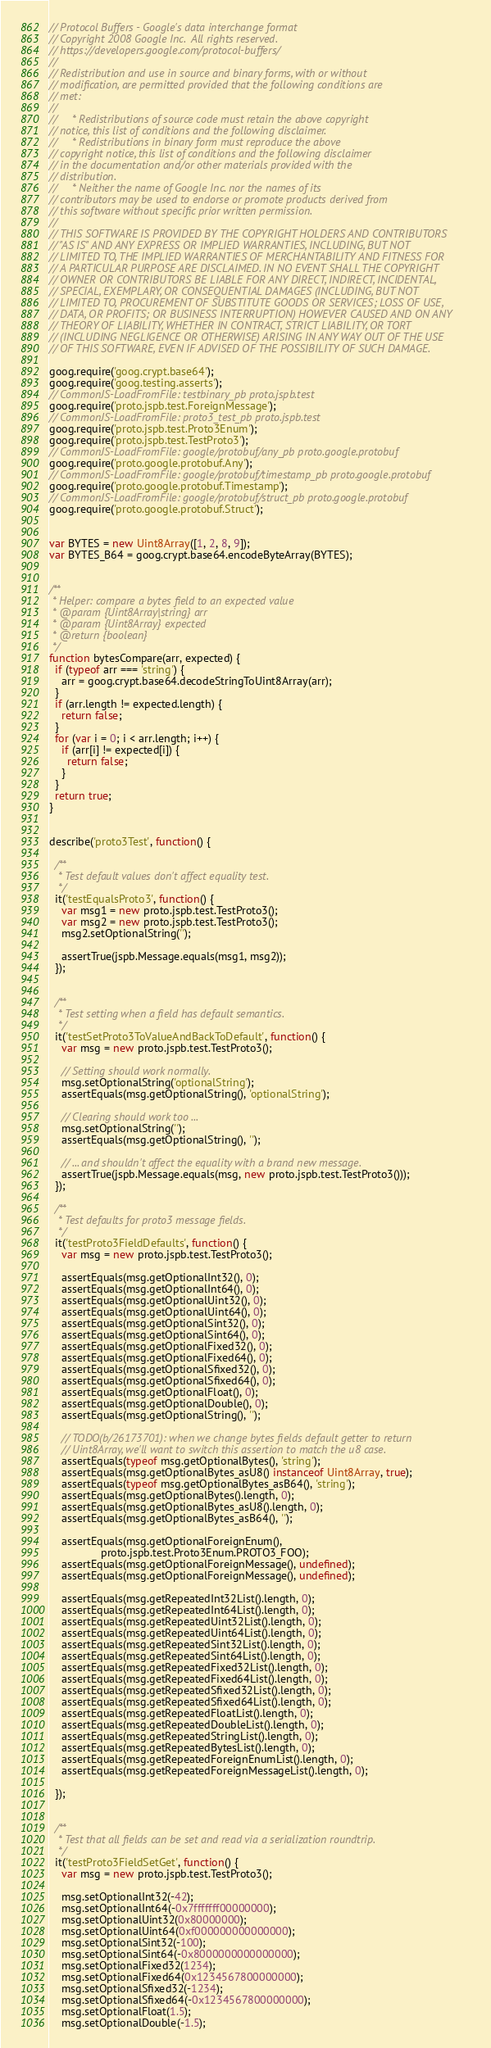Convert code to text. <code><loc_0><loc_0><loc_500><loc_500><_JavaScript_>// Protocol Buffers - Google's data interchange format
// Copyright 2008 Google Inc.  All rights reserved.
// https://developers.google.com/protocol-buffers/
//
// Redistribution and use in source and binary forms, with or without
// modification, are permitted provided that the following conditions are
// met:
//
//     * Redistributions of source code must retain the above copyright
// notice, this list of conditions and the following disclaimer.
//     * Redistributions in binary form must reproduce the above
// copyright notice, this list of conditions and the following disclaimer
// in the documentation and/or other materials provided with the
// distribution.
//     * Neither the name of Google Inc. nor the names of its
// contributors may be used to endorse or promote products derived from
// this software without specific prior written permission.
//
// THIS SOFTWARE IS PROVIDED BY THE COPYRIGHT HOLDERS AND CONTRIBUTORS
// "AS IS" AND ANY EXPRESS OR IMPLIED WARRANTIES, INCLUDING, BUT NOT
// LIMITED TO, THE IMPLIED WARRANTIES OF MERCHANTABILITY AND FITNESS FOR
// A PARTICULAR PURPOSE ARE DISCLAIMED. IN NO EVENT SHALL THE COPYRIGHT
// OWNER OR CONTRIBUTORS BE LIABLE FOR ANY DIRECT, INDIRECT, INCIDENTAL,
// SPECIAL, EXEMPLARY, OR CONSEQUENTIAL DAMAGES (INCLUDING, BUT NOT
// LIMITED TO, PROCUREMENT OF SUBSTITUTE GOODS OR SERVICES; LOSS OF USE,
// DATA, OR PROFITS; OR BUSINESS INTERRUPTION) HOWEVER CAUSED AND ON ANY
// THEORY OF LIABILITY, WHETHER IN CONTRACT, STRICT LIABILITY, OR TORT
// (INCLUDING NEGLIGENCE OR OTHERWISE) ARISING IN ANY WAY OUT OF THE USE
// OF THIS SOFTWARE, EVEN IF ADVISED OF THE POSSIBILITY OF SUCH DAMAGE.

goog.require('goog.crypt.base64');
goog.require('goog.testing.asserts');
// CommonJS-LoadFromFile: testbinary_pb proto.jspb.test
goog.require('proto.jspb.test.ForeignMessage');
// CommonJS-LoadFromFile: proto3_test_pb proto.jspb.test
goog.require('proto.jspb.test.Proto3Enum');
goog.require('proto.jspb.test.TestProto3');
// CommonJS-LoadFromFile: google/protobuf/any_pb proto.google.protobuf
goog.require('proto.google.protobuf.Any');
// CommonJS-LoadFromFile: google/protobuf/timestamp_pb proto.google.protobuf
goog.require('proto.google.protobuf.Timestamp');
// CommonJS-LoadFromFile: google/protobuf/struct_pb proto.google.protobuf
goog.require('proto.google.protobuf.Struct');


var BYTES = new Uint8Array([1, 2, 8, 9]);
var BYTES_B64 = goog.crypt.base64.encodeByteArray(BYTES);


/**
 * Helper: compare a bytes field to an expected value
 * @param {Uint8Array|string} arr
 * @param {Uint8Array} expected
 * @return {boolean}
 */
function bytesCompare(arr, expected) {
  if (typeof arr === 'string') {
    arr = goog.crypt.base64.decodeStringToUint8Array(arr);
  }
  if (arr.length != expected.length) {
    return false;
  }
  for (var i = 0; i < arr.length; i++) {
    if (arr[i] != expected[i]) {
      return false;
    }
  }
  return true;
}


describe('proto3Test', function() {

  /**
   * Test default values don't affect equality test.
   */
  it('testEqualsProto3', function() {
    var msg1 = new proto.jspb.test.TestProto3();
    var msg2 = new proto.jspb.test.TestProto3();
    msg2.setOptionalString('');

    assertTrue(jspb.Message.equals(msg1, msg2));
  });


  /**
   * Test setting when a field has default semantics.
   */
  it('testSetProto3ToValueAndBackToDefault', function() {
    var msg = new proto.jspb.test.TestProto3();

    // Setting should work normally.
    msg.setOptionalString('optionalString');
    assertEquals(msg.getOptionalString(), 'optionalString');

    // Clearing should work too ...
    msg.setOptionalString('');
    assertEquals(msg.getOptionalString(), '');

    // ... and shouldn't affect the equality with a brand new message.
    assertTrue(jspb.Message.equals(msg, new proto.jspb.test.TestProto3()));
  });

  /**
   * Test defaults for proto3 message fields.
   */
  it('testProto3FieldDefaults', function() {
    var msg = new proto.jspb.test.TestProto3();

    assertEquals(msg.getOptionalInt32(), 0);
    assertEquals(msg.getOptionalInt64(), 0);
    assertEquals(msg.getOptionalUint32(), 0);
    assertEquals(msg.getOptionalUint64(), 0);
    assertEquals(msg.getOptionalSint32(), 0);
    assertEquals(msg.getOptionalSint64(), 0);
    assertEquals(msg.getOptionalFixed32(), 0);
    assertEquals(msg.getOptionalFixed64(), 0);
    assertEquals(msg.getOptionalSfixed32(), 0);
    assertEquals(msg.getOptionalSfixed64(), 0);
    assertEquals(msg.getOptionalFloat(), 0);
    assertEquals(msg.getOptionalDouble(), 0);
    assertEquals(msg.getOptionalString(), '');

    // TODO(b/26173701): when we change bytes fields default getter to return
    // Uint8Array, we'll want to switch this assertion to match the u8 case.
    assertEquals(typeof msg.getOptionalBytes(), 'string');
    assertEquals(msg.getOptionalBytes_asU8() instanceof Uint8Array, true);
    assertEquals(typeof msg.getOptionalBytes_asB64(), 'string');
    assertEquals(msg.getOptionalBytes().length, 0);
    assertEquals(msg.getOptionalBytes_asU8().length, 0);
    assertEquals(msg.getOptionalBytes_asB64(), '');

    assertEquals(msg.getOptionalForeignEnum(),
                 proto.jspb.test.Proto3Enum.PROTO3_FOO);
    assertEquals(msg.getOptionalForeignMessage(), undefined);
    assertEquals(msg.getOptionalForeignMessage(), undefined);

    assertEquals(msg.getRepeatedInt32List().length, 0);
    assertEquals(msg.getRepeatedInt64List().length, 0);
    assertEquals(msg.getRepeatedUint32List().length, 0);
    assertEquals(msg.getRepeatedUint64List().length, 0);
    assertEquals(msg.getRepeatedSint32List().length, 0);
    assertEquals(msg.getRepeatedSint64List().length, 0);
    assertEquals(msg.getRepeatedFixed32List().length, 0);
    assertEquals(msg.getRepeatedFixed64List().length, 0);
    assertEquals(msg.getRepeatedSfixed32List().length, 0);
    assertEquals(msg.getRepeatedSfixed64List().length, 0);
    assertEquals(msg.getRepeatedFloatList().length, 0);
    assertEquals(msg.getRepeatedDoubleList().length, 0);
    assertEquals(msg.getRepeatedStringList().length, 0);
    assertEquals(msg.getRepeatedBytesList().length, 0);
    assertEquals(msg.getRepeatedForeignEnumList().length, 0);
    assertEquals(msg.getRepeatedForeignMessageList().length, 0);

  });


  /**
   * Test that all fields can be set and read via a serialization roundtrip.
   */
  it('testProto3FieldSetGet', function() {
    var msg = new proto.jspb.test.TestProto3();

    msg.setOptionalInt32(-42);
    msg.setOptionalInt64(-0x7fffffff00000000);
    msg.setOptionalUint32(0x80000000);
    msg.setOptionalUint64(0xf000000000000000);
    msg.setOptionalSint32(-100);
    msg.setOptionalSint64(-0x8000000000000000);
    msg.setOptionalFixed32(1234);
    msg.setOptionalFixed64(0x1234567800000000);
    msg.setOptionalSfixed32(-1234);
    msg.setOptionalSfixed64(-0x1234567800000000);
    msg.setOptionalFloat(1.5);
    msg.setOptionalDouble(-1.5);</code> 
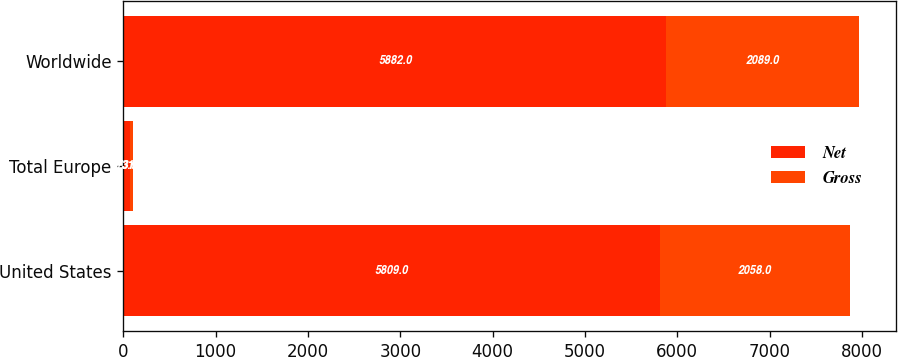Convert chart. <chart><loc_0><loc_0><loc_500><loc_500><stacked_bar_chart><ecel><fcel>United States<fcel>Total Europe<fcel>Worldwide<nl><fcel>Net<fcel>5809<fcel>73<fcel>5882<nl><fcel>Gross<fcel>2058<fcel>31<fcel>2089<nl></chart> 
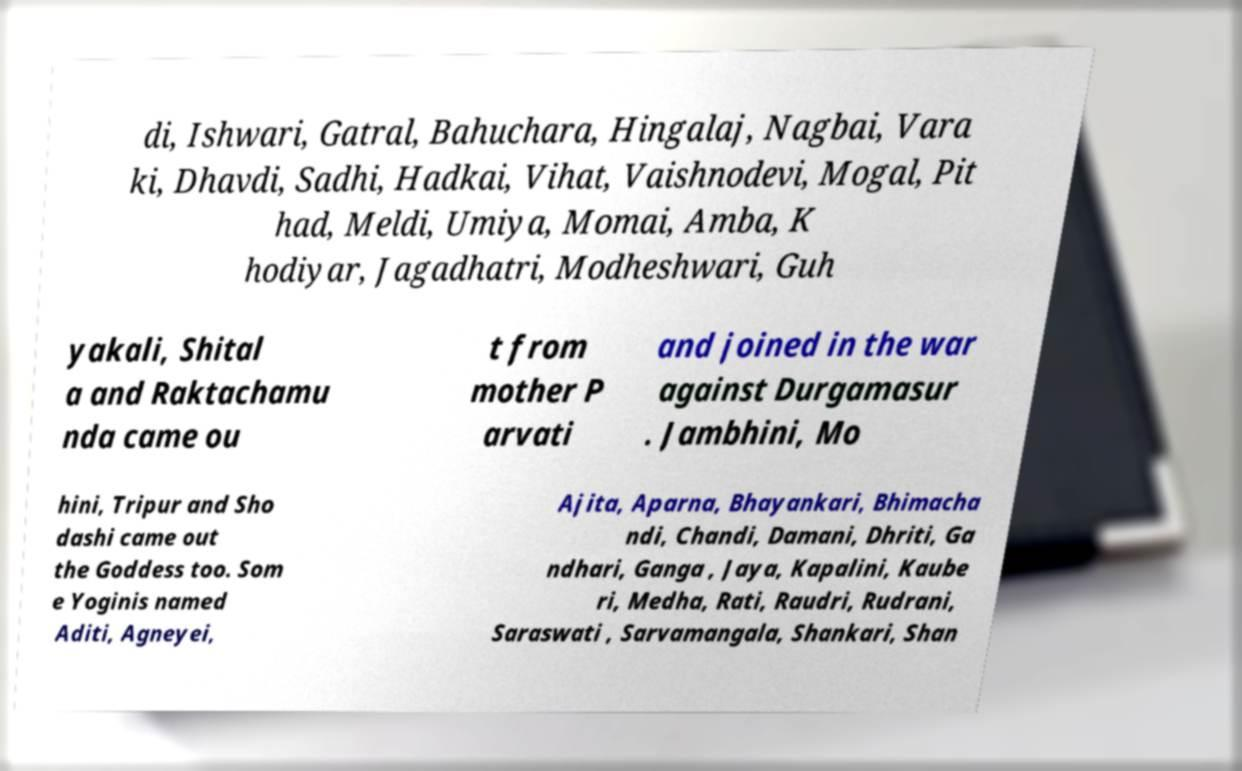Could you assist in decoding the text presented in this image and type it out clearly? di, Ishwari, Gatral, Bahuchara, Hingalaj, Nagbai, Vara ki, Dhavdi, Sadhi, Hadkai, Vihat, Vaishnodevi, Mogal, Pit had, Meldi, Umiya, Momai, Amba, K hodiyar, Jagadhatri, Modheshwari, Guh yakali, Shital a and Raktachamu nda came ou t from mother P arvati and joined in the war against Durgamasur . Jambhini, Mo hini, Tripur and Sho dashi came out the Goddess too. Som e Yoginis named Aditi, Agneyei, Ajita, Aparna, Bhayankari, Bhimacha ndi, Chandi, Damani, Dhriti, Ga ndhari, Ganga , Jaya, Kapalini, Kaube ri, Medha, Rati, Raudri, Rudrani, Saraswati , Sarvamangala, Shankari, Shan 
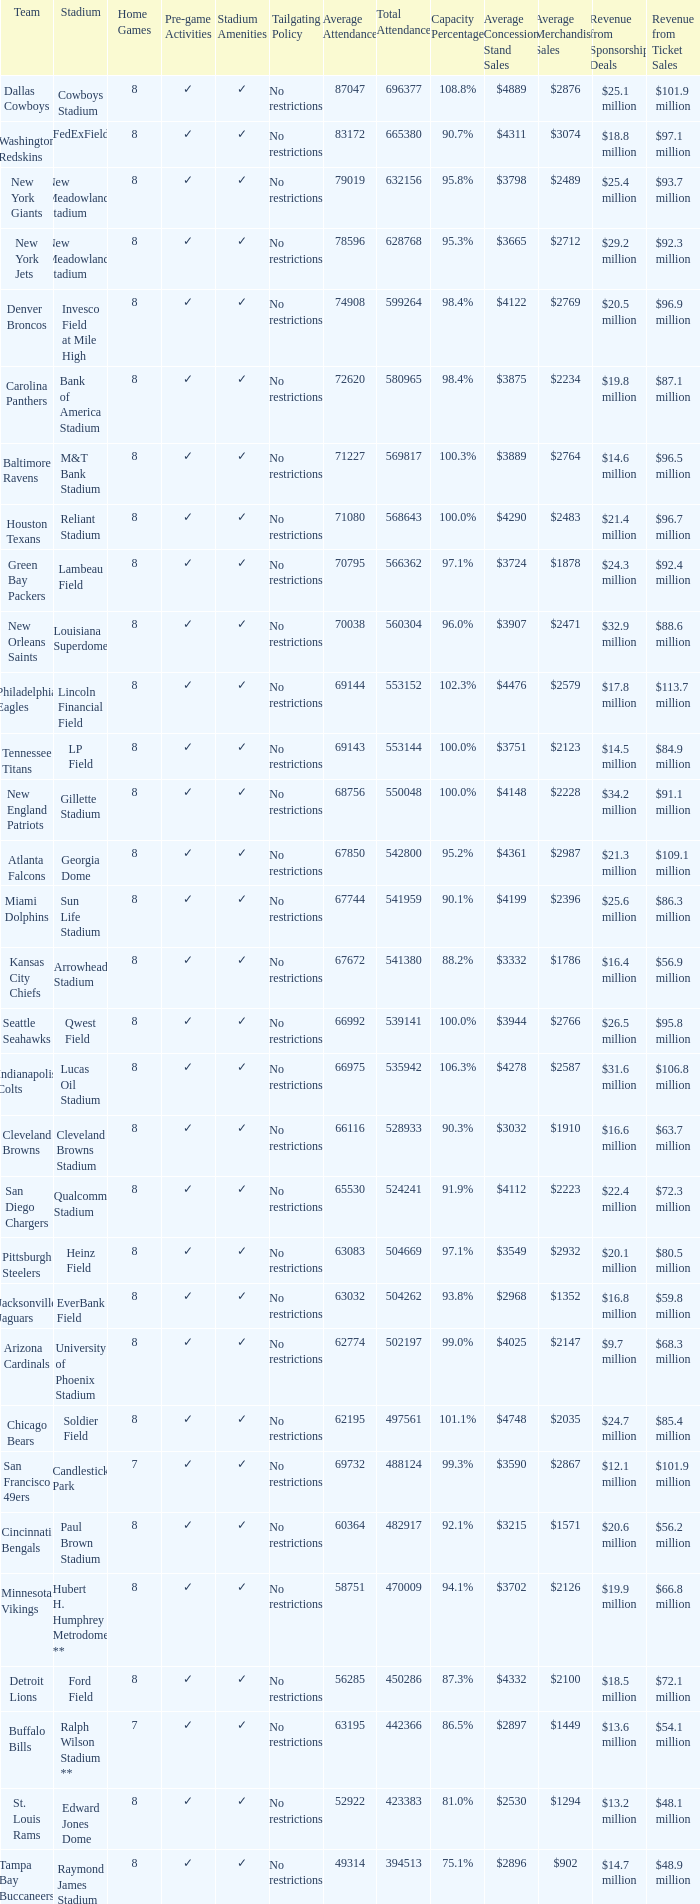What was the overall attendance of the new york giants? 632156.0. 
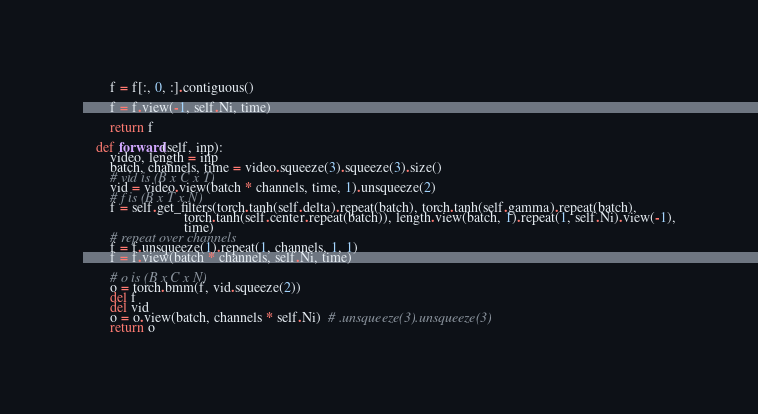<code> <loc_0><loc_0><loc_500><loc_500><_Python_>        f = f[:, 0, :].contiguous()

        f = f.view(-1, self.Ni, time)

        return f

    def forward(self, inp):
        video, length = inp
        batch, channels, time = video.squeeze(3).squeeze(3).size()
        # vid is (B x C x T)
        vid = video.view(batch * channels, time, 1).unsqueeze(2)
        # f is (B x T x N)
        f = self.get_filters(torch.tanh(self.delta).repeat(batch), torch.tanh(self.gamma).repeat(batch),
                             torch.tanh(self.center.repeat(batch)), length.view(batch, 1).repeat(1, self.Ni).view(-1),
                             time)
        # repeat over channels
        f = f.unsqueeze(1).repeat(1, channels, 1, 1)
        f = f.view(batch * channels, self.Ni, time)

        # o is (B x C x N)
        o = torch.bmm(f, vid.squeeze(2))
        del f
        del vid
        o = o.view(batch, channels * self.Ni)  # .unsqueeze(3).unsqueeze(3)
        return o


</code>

What to produce
Could you repeat, exactly and with nothing added, the lines from the top of the entries above through the line that holds "reproduce the above", leaving out any pictures?

Answer box
Convert code to text. <code><loc_0><loc_0><loc_500><loc_500><_JavaScript_>// Protocol Buffers - Google's data interchange format
// Copyright 2008 Google Inc.  All rights reserved.
// https://developers.google.com/protocol-buffers/
//
// Redistribution and use in source and binary forms, with or without
// modification, are permitted provided that the following conditions are
// met:
//
//     * Redistributions of source code must retain the above copyright
// notice, this list of conditions and the following disclaimer.
//     * Redistributions in binary form must reproduce the above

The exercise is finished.